Hot Times For A Cool Bird


Snow stings the exposed flesh of my face. I am wearing pure wool long-johns, a woollen shirt, over trousers made from a metallic space-age material, a dacron vest, and a jacket - a huge jacket - filled entirely with goose down. On my feet I have a pair of thick-soled mukluks which would not look out of place on the moon and, inside them, a pair of fleece-lined booties. My hands are covered by polypropylene gloves and bear mitts: thick outer mittens made from the reversed hide of some furry animal long since dead. A woollen balaclava, polarised ski goggles and the down-filled hood of the jacket, complete with wolverine trim, shroud my head. But I am cold. Despite the combined warmth of the best natural and high-tech fibres available, I am cold. After three hours sitting still, the Antarctic wind, the snow and, perhaps, just the view of the ice bergs has chilled me to the bone. During that time I have been watching Adélie penguins and they have hardly moved. Lying on their nests, incubating eggs, they have stood only to shake the snow crystals from their backs before resuming their vigil, seemingly untroubled by the freezing temperatures.

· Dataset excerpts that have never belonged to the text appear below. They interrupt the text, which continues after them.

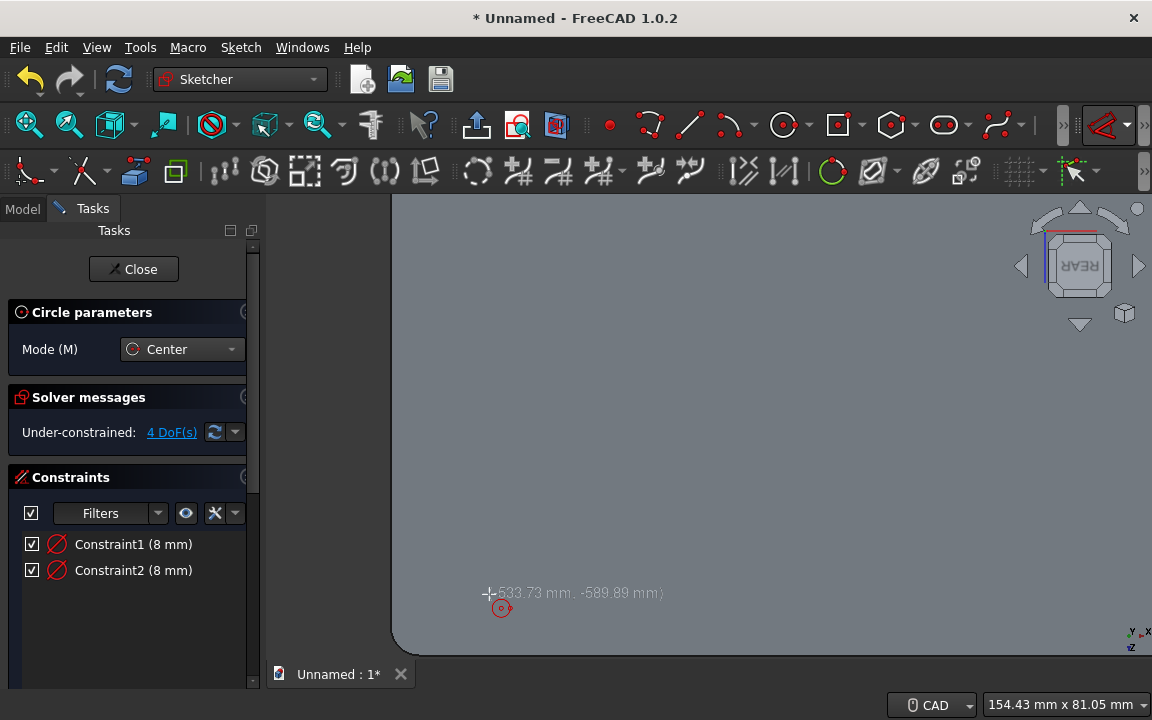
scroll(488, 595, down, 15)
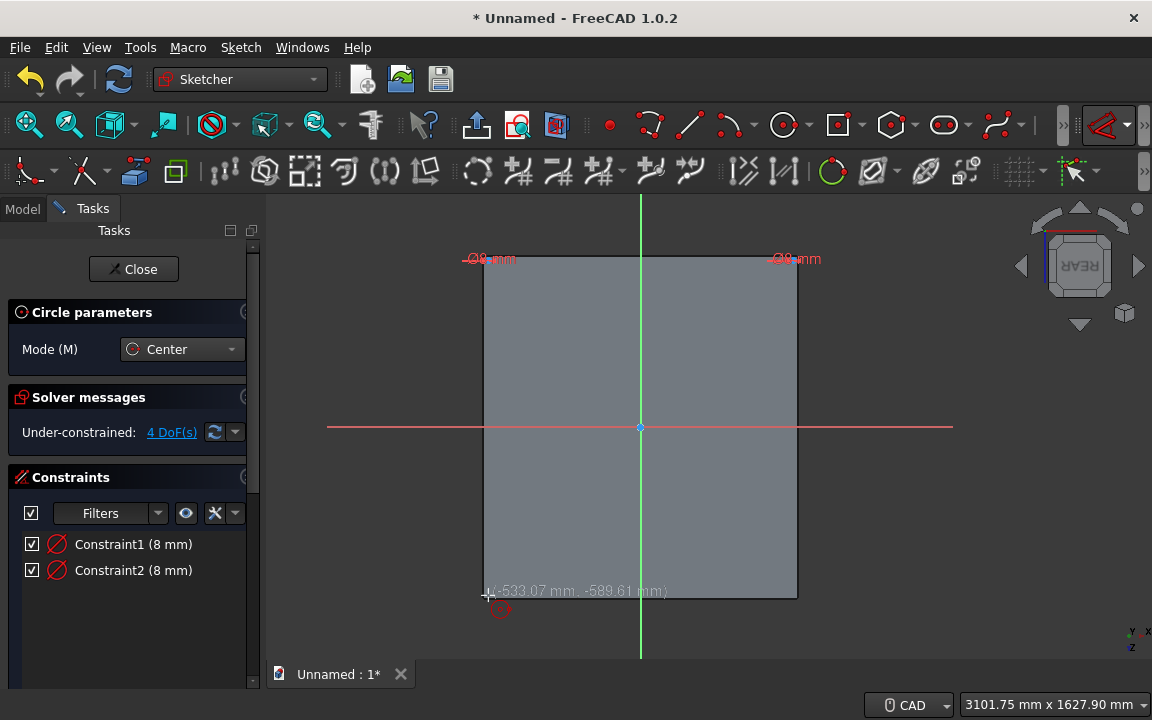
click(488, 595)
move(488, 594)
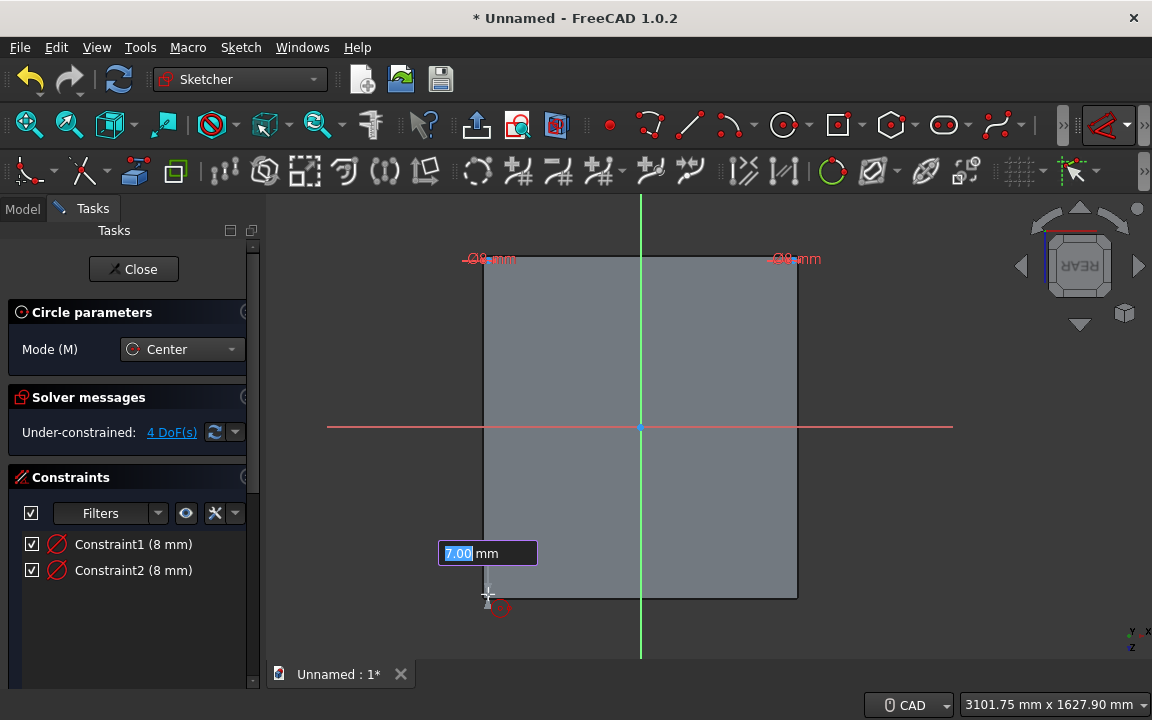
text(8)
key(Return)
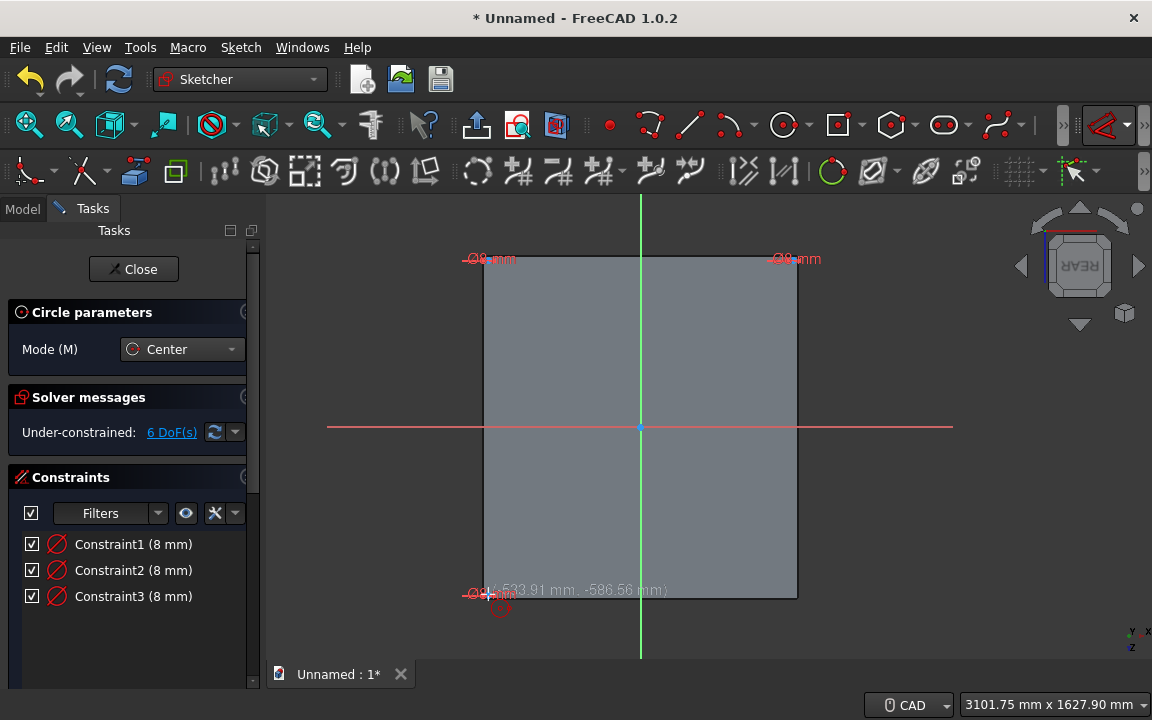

Penguins are usually portrayed as I see them now: eking out an existence in a land of ice and snow. Consequently, when I speak of penguins and thermoregulation in the same frosted breath, it is natural to suppose that penguins need to find ways to keep warm rather than cool. That, however, could not be further from the truth: when on land, the problem most penguins face is how to keep cool.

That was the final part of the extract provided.